Seizures induced by thinking

Seizures induced by thinking (Wilkins et al 1982; Goossens et al 1990, Andermann et al., 1998) (“noögenic epilepsy”) occur in response to nonverbal higher cortical function and have been reported with a variety of stimuli, including arithmetic, drawing, playing cards or chess, decision-making, and solving Rubik's cube. These seizures do not typically appear to be activated by reading, writing, or by explicitly verbal tasks, but about 80% of patients are found to have more than one effective trigger. Seizures can be triggered in at least some of these patients without any real or contemplated movement of the hands, e.g., by a task requiring a spoken answer to an orally presented arithmetic or spatial problem. Unlike in primary reading epilepsy, most have spontaneous seizures. The reflex and spontaneous attacks include bilateral myoclonus, absences, and generalized tonic-clonic seizures and almost all reported patients have had generalized convulsions. Often these begin after a period of myoclonic jerks, but myoclonic jerks occurred without a following convulsion in 76% of patients reviewed by Andermann et al. (1998) and 60% of patients had absence seizures often associated with myoclonic jerks. Pure absence epilepsy with seizures triggered by thinking was not seen, but not all patients had myoclonus although some probably had JME. Myoclonic jerks and absence attacks may be ignored or unreported until a generalized seizure occurs and the patient then comes to medical attention. Seizures induced by thinking usually occur in the context of a generalized epilepsy. Partial seizures and clear focal EEG abnormalities have been reported but are the exception. The essential component in the seizure trigger appears to be nonverbal thought, the processing of numeric or spatial information, and possibly sequential decision making.

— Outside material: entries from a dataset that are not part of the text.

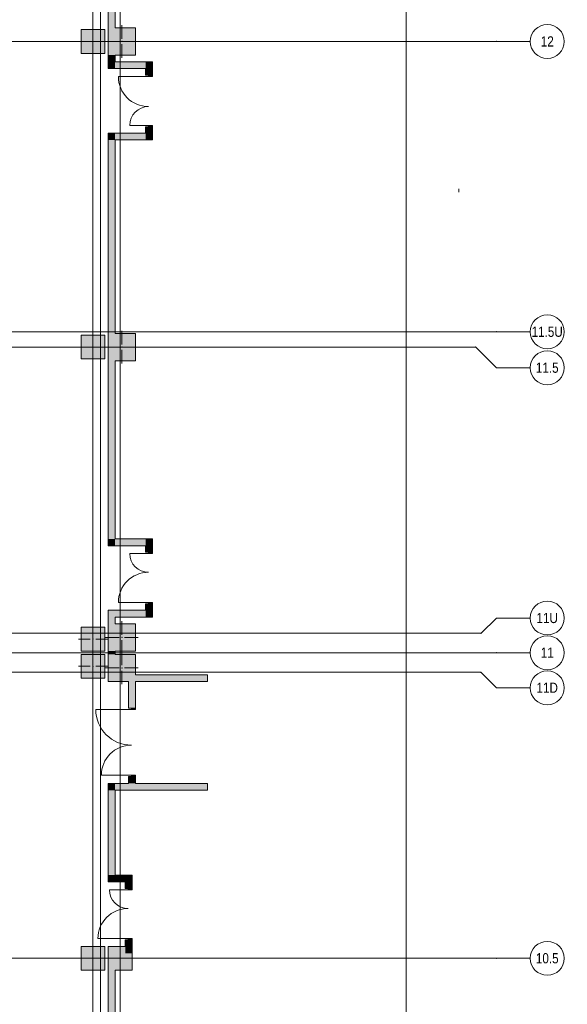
# Model space of a CAD drawing. Header units: millimetres. Extents: x -14761 to 157739, y -22400 to 107990.
# Tile 234 of 256: x 141618 to 157739, y 16646 to 45642. Entities that reach past the tile are written whole.
import ezdxf

# ---------------------------------------------------------------- set-up
doc = ezdxf.new("R2010")
doc.units = ezdxf.units.MM
doc.header["$MEASUREMENT"] = 0
for name, color, linetype in [('Конструктив - Колонны', 7, 'Continuous'), ('Конструктив - Стены Внутр сущ.', 7, 'Continuous'), ('Элемент Модели - Оси', 7, 'Continuous')]:
    doc.layers.add(name, color=color, linetype=linetype)
doc.styles.add('СГЕНЕРИР_СТИЛЬ_3', font='txt')

msp = doc.modelspace()

# ---------------------------------------------------------------- hatches: boundary and pattern name
at = {"layer": 'Конструктив - Колонны', "linetype": 'Continuous', "lineweight": 0, "true_color": 0x000000}
for points in [[(143425, 44650), (144125, 44650), (144125, 45350), (143425, 45350)], [(144225, 44600), (144425, 44600), (144425, 45400), (144225, 45400)], [(145025, 45400), (144425, 45400), (144425, 44600), (145025, 44600)], [(143425, 35650), (144125, 35650), (144125, 36350), (143425, 36350)], [(144225, 35600), (144425, 35600), (144425, 36400), (144225, 36400)], [(145025, 36400), (144425, 36400), (144425, 35600), (145025, 35600)], [(144225, 27050), (144425, 27050), (144425, 27850), (144225, 27850)], [(145025, 27850), (144425, 27850), (144425, 27050), (145025, 27050)], [(143425, 27050), (144125, 27050), (144125, 27750), (143425, 27750)], [(143425, 26250), (144125, 26250), (144125, 26950), (143425, 26950)], [(144225, 26150), (144425, 26150), (144425, 26950), (144225, 26950)], [(144425, 26150), (144825, 26150), (145025, 26150), (145025, 26350), (145025, 26950), (144425, 26950)], [(143425, 17650), (144125, 17650), (144125, 18350), (143425, 18350)], [(144725, 18350), (144225, 18350), (144225, 17650), (144425, 17650), (144925, 17650), (144925, 18150), (144725, 18150)], [(144725, 18150), (144925, 18150), (144925, 18350), (144725, 18350)]]:
    msp.add_hatch(color=18, dxfattribs=at).paths.add_polyline_path(points)
at = {"layer": 'Конструктив - Стены Внутр сущ.', "linetype": 'Continuous', "lineweight": 0, "true_color": 0x000000}
for points in [[(144225, 48100), (144225, 45400), (144425, 45400), (144425, 48100)], [(144225, 44400), (144425, 44400), (144425, 44600), (144225, 44600)], [(144425, 44400), (144225, 44200), (144425, 44200)], [(144425, 44400), (144225, 44400), (144225, 44200)], [(144425, 44200), (145325, 44200), (145325, 44400), (144425, 44400)], [(145325, 44200), (145525, 44400), (145325, 44400)], [(145325, 44200), (145525, 44200), (145525, 44400)], [(145325, 44200), (145325, 44010), (145525, 44010), (145525, 44200)], [(145325, 42300), (145525, 42300), (145525, 42490), (145325, 42490)], [(144225, 42100), (144425, 42100), (144225, 42300)], [(144225, 42300), (144425, 42100), (144425, 42300)], [(144225, 42100), (144225, 36400), (144425, 36400), (144425, 42100)], [(145325, 42300), (144425, 42300), (144425, 42100), (145325, 42100)], [(145325, 42100), (145525, 42100), (145325, 42300)], [(145325, 42300), (145525, 42100), (145525, 42300)], [(144225, 30350), (144425, 30350), (144425, 35600), (144225, 35600)], [(144425, 30350), (144225, 30150), (144425, 30150)], [(144425, 30350), (144225, 30350), (144225, 30150)], [(144425, 30150), (145325, 30150), (145325, 30350), (144425, 30350)], [(145325, 30150), (145525, 30350), (145325, 30350)], [(145325, 30150), (145525, 30150), (145525, 30350)], [(145325, 30150), (145325, 29960), (145525, 29960), (145525, 30150)], [(145325, 28250), (145525, 28250), (145525, 28440), (145325, 28440)], [(144225, 28250), (144225, 27850), (144425, 27850), (144425, 28250)], [(145325, 28250), (144425, 28250), (144425, 28050), (145325, 28050)], [(145325, 28050), (145525, 28050), (145325, 28250)], [(145325, 28250), (145525, 28050), (145525, 28250)], [(144425, 27050), (144225, 27050), (144225, 26950), (144425, 26950)], [(145025, 26150), (144825, 26150), (144825, 25370), (145025, 25370)], [(147151, 26350), (145025, 26350), (145025, 26150), (147151, 26150)], [(144825, 23150), (145025, 23150), (145025, 23350), (144825, 23350)], [(144225, 22950), (144425, 22950), (144225, 23150)], [(144425, 23150), (144225, 23150), (144425, 22950)], [(144225, 22950), (144225, 20450), (144425, 20450), (144425, 22950)], [(144425, 22950), (147151, 22950), (147151, 23150), (144425, 23150)], [(144425, 20450), (144225, 20450), (144225, 20250)], [(144425, 20450), (144225, 20250), (144425, 20250)], [(144425, 20250), (144725, 20250), (144725, 20450), (144425, 20450)], [(144725, 20250), (144925, 20450), (144725, 20450)], [(144725, 20250), (144925, 20250), (144925, 20450)], [(144925, 20250), (144725, 20250), (144725, 20060), (144925, 20060)], [(144725, 18350), (144925, 18350), (144925, 18540), (144725, 18540)], [(144225, 17650), (144225, 9350), (144425, 9350), (144425, 17650)]]:
    msp.add_hatch(color=18, dxfattribs=at).paths.add_polyline_path(points)
at = {"layer": 'Конструктив - Стены Внутр сущ.', "linetype": 'Continuous', "lineweight": 0, "true_color": 0x7f7f7f}
for points in [[(145410, 44010), (145410, 43970), (145525, 43970), (145525, 44010)], [(145525, 42490), (145525, 42530), (145410, 42530), (145410, 42490)], [(145525, 29960), (145410, 29960), (145410, 29920), (145525, 29920)], [(145410, 28440), (145525, 28440), (145525, 28480), (145410, 28480)], [(145025, 25370), (144910, 25370), (144910, 25330), (145025, 25330)], [(144910, 23350), (145025, 23350), (145025, 23390), (144910, 23390)], [(144925, 20060), (144810, 20060), (144810, 20020), (144925, 20020)], [(144810, 18540), (144925, 18540), (144925, 18580), (144810, 18580)]]:
    msp.add_hatch(color=8, dxfattribs=at).paths.add_polyline_path(points)

# ---------------------------------------------------------------- linework, layer by layer
at = {"color": 7, "linetype": 'Continuous', "lineweight": 15}
msp.add_line((154543, 40561), (154543, 40661), dxfattribs=at)
at = {"layer": 'Конструктив - Колонны', "color": 7, "linetype": 'Continuous', "lineweight": 15}
for p, q in [((143775, 45080), (143775, 45430)), ((144625, 45080), (144625, 45480)), ((143695, 45000), (143345, 45000)), ((143855, 45000), (144205, 45000)), ((144545, 45000), (144145, 45000)), ((144705, 45000), (145105, 45000)), ((143775, 44920), (143775, 44570)), ((144625, 44920), (144625, 44520)), ((143775, 36080), (143775, 36430)), ((144625, 36080), (144625, 36480)), ((143695, 36000), (143345, 36000)), ((143855, 36000), (144205, 36000)), ((144545, 36000), (144145, 36000)), ((144705, 36000), (145105, 36000)), ((143775, 35920), (143775, 35570)), ((144625, 35920), (144625, 35520)), ((144625, 27530), (144625, 27930)), ((143775, 27480), (143775, 27830)), ((143695, 27400), (143345, 27400)), ((143775, 27320), (143775, 26970)), ((143855, 27400), (144205, 27400)), ((144545, 27450), (144145, 27450)), ((144625, 27370), (144625, 26970)), ((144705, 27450), (145105, 27450)), ((143775, 26680), (143775, 27030)), ((144625, 26630), (144625, 27030)), ((143695, 26600), (143345, 26600)), ((143775, 26520), (143775, 26170)), ((143855, 26600), (144205, 26600)), ((144545, 26550), (144145, 26550)), ((144625, 26470), (144625, 26070)), ((144705, 26550), (145105, 26550)), ((143775, 18080), (143775, 18430)), ((144575, 18080), (144575, 18430)), ((143695, 18000), (143345, 18000)), ((143855, 18000), (144205, 18000)), ((144495, 18000), (144145, 18000)), ((144655, 18000), (145005, 18000)), ((143775, 17920), (143775, 17570)), ((144575, 17920), (144575, 17570))]:
    msp.add_line(p, q, dxfattribs=at)
at = {"layer": 'Конструктив - Колонны', "color": 7, "linetype": 'Continuous', "lineweight": 15, "flags": 128}
for points in [[(143425, 44650), (144125, 44650), (144125, 45350), (143425, 45350)], [(143425, 35650), (144125, 35650), (144125, 36350), (143425, 36350)], [(143425, 27050), (144125, 27050), (144125, 27750), (143425, 27750)], [(143425, 26250), (144125, 26250), (144125, 26950), (143425, 26950)], [(143425, 17650), (144125, 17650), (144125, 18350), (143425, 18350)]]:
    msp.add_lwpolyline(points, close=True, dxfattribs=at)
for points in [[(144225, 45400), (144225, 44600)], [(144425, 44600), (145025, 44600), (145025, 45400), (144425, 45400)], [(144225, 36400), (144225, 35600)], [(144425, 35600), (145025, 35600), (145025, 36400), (144425, 36400)], [(144225, 27850), (144225, 27050)], [(144425, 27050), (145025, 27050), (145025, 27850), (144425, 27850)], [(144225, 26950), (144225, 26150), (144425, 26150)], [(145025, 26350), (145025, 26950), (144425, 26950)], [(144425, 26150), (144825, 26150)], [(144725, 18350), (144225, 18350), (144225, 17650)], [(144925, 18150), (144925, 18350)], [(144425, 17650), (144925, 17650), (144925, 18150)]]:
    msp.add_lwpolyline(points, dxfattribs=at)
at = {"layer": 'Конструктив - Колонны', "color": 7, "linetype": 'Continuous', "lineweight": 15}
for p in [(143775, 45000), (144625, 45000), (143775, 36000), (144625, 36000), (143775, 27400), (144625, 27450), (143775, 26600), (144625, 26550), (143775, 18000), (144575, 18000)]:
    msp.add_point(p, dxfattribs=at)
at = {"layer": 'Конструктив - Стены Внутр сущ.', "color": 7, "linetype": 'Continuous', "lineweight": 15}
for p, q in [((145410, 43970), (144522, 43970)), ((145325, 44010), (145325, 44047)), ((145325, 44010), (145325, 44047)), ((145325, 44010), (145325, 44047)), ((145410, 44010), (145325, 44010)), ((145410, 44010), (145325, 44010)), ((145410, 44010), (145325, 44010)), ((145525, 44010), (145410, 44010)), ((145410, 44010), (145410, 43970)), ((145525, 44010), (145410, 44010)), ((145525, 44010), (145410, 44010)), ((145525, 44010), (145410, 44010)), ((145410, 43970), (145525, 43970)), ((145525, 44010), (145525, 44047)), ((145525, 44010), (145525, 44047)), ((145525, 44010), (145525, 44047)), ((145525, 43970), (145525, 44010)), ((145410, 42530), (144858, 42530)), ((145325, 42490), (145325, 42453)), ((145410, 42490), (145325, 42490)), ((145410, 42490), (145325, 42490)), ((145410, 42490), (145325, 42490)), ((145325, 42490), (145325, 42453)), ((145325, 42490), (145325, 42453)), ((145525, 42530), (145410, 42530)), ((145410, 42530), (145410, 42490)), ((145525, 42490), (145410, 42490)), ((145410, 42490), (145525, 42490)), ((145525, 42490), (145410, 42490)), ((145525, 42490), (145410, 42490)), ((145525, 42490), (145525, 42530)), ((145525, 42490), (145525, 42453)), ((145525, 42490), (145525, 42453)), ((145525, 42490), (145525, 42453)), ((145410, 29920), (144858, 29920)), ((145325, 29960), (145325, 29997)), ((145325, 29960), (145325, 29997)), ((145325, 29960), (145325, 29997)), ((145410, 29960), (145325, 29960)), ((145410, 29960), (145325, 29960)), ((145410, 29960), (145325, 29960)), ((145525, 29960), (145410, 29960)), ((145410, 29920), (145410, 29960)), ((145410, 29960), (145525, 29960)), ((145525, 29960), (145410, 29960)), ((145525, 29960), (145410, 29960)), ((145525, 29920), (145410, 29920)), ((145525, 29960), (145525, 29997)), ((145525, 29960), (145525, 29997)), ((145525, 29960), (145525, 29997)), ((145525, 29960), (145525, 29920)), ((145410, 28480), (144522, 28480)), ((145325, 28440), (145325, 28403)), ((145410, 28440), (145325, 28440)), ((145410, 28440), (145325, 28440)), ((145410, 28440), (145325, 28440)), ((145325, 28440), (145325, 28403)), ((145325, 28440), (145325, 28403)), ((145410, 28440), (145410, 28480)), ((145410, 28480), (145525, 28480)), ((145525, 28440), (145410, 28440)), ((145525, 28440), (145410, 28440)), ((145525, 28440), (145410, 28440)), ((145525, 28440), (145410, 28440)), ((145525, 28480), (145525, 28440)), ((145525, 28440), (145525, 28403)), ((145525, 28440), (145525, 28403)), ((145525, 28440), (145525, 28403)), ((144910, 25330), (143858, 25330)), ((144825, 25370), (144825, 25407)), ((144825, 25370), (144825, 25407)), ((144825, 25370), (144825, 25407)), ((144910, 25370), (144825, 25370)), ((144910, 25370), (144825, 25370)), ((144910, 25370), (144825, 25370)), ((145025, 25370), (144910, 25370)), ((144910, 25330), (144910, 25370)), ((144910, 25370), (145025, 25370)), ((145025, 25370), (144910, 25370)), ((145025, 25370), (144910, 25370)), ((145025, 25330), (144910, 25330)), ((145025, 25370), (145025, 25407)), ((145025, 25370), (145025, 25407)), ((145025, 25370), (145025, 25407)), ((145025, 25370), (145025, 25330)), ((144910, 23390), (144022, 23390)), ((144825, 23350), (144825, 23313)), ((144910, 23350), (144825, 23350)), ((144910, 23350), (144825, 23350)), ((144910, 23350), (144825, 23350)), ((144825, 23350), (144825, 23313)), ((144825, 23350), (144825, 23313)), ((144910, 23350), (144910, 23390)), ((144910, 23390), (145025, 23390)), ((145025, 23350), (144910, 23350)), ((145025, 23350), (144910, 23350)), ((145025, 23350), (144910, 23350)), ((145025, 23350), (144910, 23350)), ((145025, 23390), (145025, 23350)), ((145025, 23350), (145025, 23313)), ((145025, 23350), (145025, 23313)), ((145025, 23350), (145025, 23313)), ((144810, 20020), (144258, 20020)), ((144725, 20060), (144725, 20097)), ((144725, 20060), (144725, 20097)), ((144725, 20060), (144725, 20097)), ((144810, 20060), (144725, 20060)), ((144810, 20060), (144725, 20060)), ((144810, 20060), (144725, 20060)), ((144925, 20060), (144810, 20060)), ((144810, 20020), (144810, 20060)), ((144810, 20060), (144925, 20060)), ((144925, 20060), (144810, 20060)), ((144925, 20060), (144810, 20060)), ((144925, 20020), (144810, 20020)), ((144925, 20060), (144925, 20097)), ((144925, 20060), (144925, 20097)), ((144925, 20060), (144925, 20097)), ((144925, 20060), (144925, 20020)), ((144810, 18580), (143922, 18580)), ((144810, 18540), (144810, 18580)), ((144810, 18580), (144925, 18580)), ((144925, 18580), (144925, 18540)), ((144725, 18540), (144725, 18503)), ((144810, 18540), (144725, 18540)), ((144810, 18540), (144725, 18540)), ((144810, 18540), (144725, 18540)), ((144725, 18540), (144725, 18503)), ((144725, 18540), (144725, 18503)), ((144925, 18540), (144810, 18540)), ((144925, 18540), (144810, 18540)), ((144925, 18540), (144810, 18540)), ((144925, 18540), (144810, 18540)), ((144925, 18540), (144925, 18503)), ((144925, 18540), (144925, 18503)), ((144925, 18540), (144925, 18503))]:
    msp.add_line(p, q, dxfattribs=at)
at = {"layer": 'Конструктив - Стены Внутр сущ.', "color": 7, "linetype": 'Continuous', "lineweight": 15, "flags": 128}
for points in [[(144225, 48100), (144225, 45400)], [(144425, 45400), (144425, 48100)], [(144225, 44600), (144225, 44200)], [(144425, 44400), (144425, 44600)], [(145325, 44400), (144425, 44400)], [(145525, 44400), (145325, 44400)], [(145525, 44010), (145525, 44400)], [(144225, 44200), (144425, 44200)], [(144425, 44200), (145325, 44200)], [(145325, 44200), (145325, 44010)], [(145325, 42490), (145325, 42300)], [(145525, 42100), (145525, 42490)], [(144225, 42300), (144225, 42100)], [(145325, 42300), (144225, 42300)], [(144225, 42100), (144225, 36400)], [(144425, 42100), (145325, 42100)], [(144425, 36400), (144425, 42100)], [(145525, 42100), (145325, 42100)], [(144225, 35600), (144225, 30150)], [(144425, 30350), (144425, 35600)], [(145325, 30350), (144425, 30350)], [(145525, 30350), (145325, 30350)], [(145525, 29960), (145525, 30350)], [(144225, 30150), (144425, 30150)], [(144425, 30150), (145325, 30150)], [(145325, 30150), (145325, 29960)], [(145325, 28440), (145325, 28250)], [(145525, 28050), (145525, 28440)], [(144225, 28250), (144225, 27850)], [(144425, 28250), (144225, 28250)], [(145325, 28250), (144425, 28250)], [(144425, 28050), (145325, 28050)], [(144425, 27850), (144425, 28050)], [(145525, 28050), (145325, 28050)], [(144225, 27050), (144225, 26950)], [(144425, 26950), (144425, 27050)], [(144825, 26150), (144825, 25370)], [(147151, 26350), (145025, 26350)], [(145025, 25370), (145025, 26150)], [(145025, 26150), (147151, 26150)], [(147151, 26150), (147151, 26350)], [(144825, 23350), (144825, 23150)], [(145025, 23150), (145025, 23350)], [(144225, 23150), (144225, 22950)], [(144825, 23150), (144225, 23150)], [(144225, 22950), (144225, 20450)], [(144425, 22950), (147151, 22950)], [(144425, 20450), (144425, 22950)], [(147151, 23150), (145025, 23150)], [(147151, 23150), (147151, 22950)], [(144225, 20250), (144225, 20450)], [(144725, 20450), (144425, 20450)], [(144925, 20450), (144725, 20450)], [(144925, 20060), (144925, 20450)], [(144225, 20250), (144725, 20250)], [(144725, 20250), (144725, 20060)], [(144725, 18540), (144725, 18350)], [(144925, 18350), (144925, 18540)], [(144225, 17650), (144225, 9350)], [(144425, 9350), (144425, 17650)]]:
    msp.add_lwpolyline(points, dxfattribs=at)
at = {"layer": 'Конструктив - Стены Внутр сущ.', "color": 7, "linetype": 'Continuous', "lineweight": 15}
for centre, radius, start, end in [((145410, 43970), 888, 180, 270), ((145410, 42530), 552, 90, 180), ((145410, 29920), 552, 180, 270), ((145410, 28480), 888, 90, 180), ((144910, 25330), 1052, 180, 270), ((144910, 23390), 888, 90, 180), ((144810, 20020), 552, 180, 270), ((144810, 18580), 888, 90, 180)]:
    msp.add_arc(centre, radius, start, end, dxfattribs=at)
at = {"layer": 'Элемент Модели - Оси', "color": 7, "linetype": 'Continuous', "lineweight": 15}
for p, q in [((143775, 92200), (143775, -1975)), ((144000, 92200), (144000, -1975)), ((144575, 92200), (144575, -1975)), ((153000, 92200), (153000, -1975)), ((-12761, 45000), (155650, 45000)), ((155650, 45000), (156650, 45000)), ((-12761, 36450), (155650, 36450)), ((155650, 36450), (156650, 36450)), ((-12153, 36000), (155043, 36000)), ((155043, 36000), (155650, 35393)), ((155650, 35393), (156650, 35393)), ((155203, 27575), (155650, 28022)), ((155650, 28022), (156650, 28022)), ((-12314, 27575), (155203, 27575)), ((-12761, 27000), (155650, 27000)), ((155650, 27000), (156650, 27000)), ((-12302, 26425), (155192, 26425)), ((155192, 26425), (155650, 25967)), ((155650, 25967), (156650, 25967)), ((-12761, 18000), (155650, 18000)), ((155650, 18000), (156650, 18000))]:
    msp.add_line(p, q, dxfattribs=at)
for centre in [(157150, 45000), (157150, 36450), (157150, 35393), (157150, 28022), (157150, 27000), (157150, 25967), (157150, 18000)]:
    msp.add_circle(centre, 500, dxfattribs=at)
for p in [(155650, 45000), (155650, 45000), (155650, 36450), (155650, 36450), (155043, 36000), (155203, 27575), (155650, 27000), (155650, 27000), (155192, 26425), (155650, 18000), (155650, 18000)]:
    msp.add_point(p, dxfattribs=at)

# ---------------------------------------------------------------- texts
at = {"layer": 'Элемент Модели - Оси', "color": 30, "lineweight": 5, "true_color": 0xff823e, "char_height": 300, "attachment_point": 4, "style": 'СГЕНЕРИР_СТИЛЬ_3'}
for s, insert in [('\\A1;{\\pql;\\pt0;\\fArial Narrow|b0|i0|c204|p34;12}', (156958, 45002)), ('\\A1;{\\pql;\\pt0;\\fArial Narrow|b0|i0|c204|p34;11.5U}', (156688, 36450)), ('\\A1;{\\pql;\\pt0;\\fArial Narrow|b0|i0|c204|p34;11.5}', (156814, 35392)), ('\\A1;{\\pql;\\pt0;\\fArial Narrow|b0|i0|c204|p34;11U}', (156832, 28021)), ('\\A1;{\\pql;\\pt0;\\fArial Narrow|b0|i0|c204|p34;11}', (156958, 27002)), ('\\A1;{\\pql;\\pt0;\\fArial Narrow|b0|i0|c204|p34;11D}', (156832, 25969)), ('\\A1;{\\pql;\\pt0;\\fArial Narrow|b0|i0|c204|p34;10.5}', (156814, 18000))]:
    msp.add_mtext(s, dxfattribs=dict(at, insert=insert))

doc.saveas('drawing.dxf')

Seizures induced by thinking are typically associated with both spontaneous and evoked generalized or bilateral synchronous spike or multiple spike and wave complexes. They may only appear after reduction of medications in some patients. Although occasional patients have temporoparietal or frontal spontaneous EEG abnormalities, typically over the right side, these are at times mixed with generalized epileptiform activity. (Beaumanoir et al 1989; Goossens et al 1990).

Praxis Induction

This term was introduced by Japanese authors who described seizures triggered by thinking about “complicated spatial tasks in a sequential fashion, [making] decisions, and practically responding by using a part of [the] body” (Inoue, 2001). Writing is reported to be a major precipitating factor (Inoue et al., 1994) although reading is not. Hand or finger movements without “action-programming activity” (defined as “higher mental activity requiring hand movement” and apparently synonymous with praxis) are not effective triggers (Matsuoka et al., 2000). Reflex upper limb myoclonus occurs, and may spread. This pattern occurs almost exclusively in JME. It does not seem prominent in patients with thinking-induced seizures who do not also have prominent myoclonic reflex attacks. In its milder or most restricted forms, such as the morning myoclonic jerk of the arm manipulating a utensil (Seino M, personal communication, Bethel-Bielefeld 1999), this phenomenon resembles cortical reflex myoclonus as part of a “continuum of epileptic activity centered on the sensorimotor cortex” (Vignal et al., 1998). The motor component, either imagined or performed, is crucial in praxis-induction but other patients with seizures induced by thinking are activated by tasks such as purely mental calculation of orally-presented arithmetic tasks with no motor component in either the stimulus or the response. The pattern of praxis-induction fits well with JME, in which there is apparent regional hyperexcitability of sensorimotor cortex within an apparently generalized epileptic disorder, (discussed by Wolf, 1994) and possibly relevant morphologic abnormalities involving the motor system as well (Woermann et al., 1998).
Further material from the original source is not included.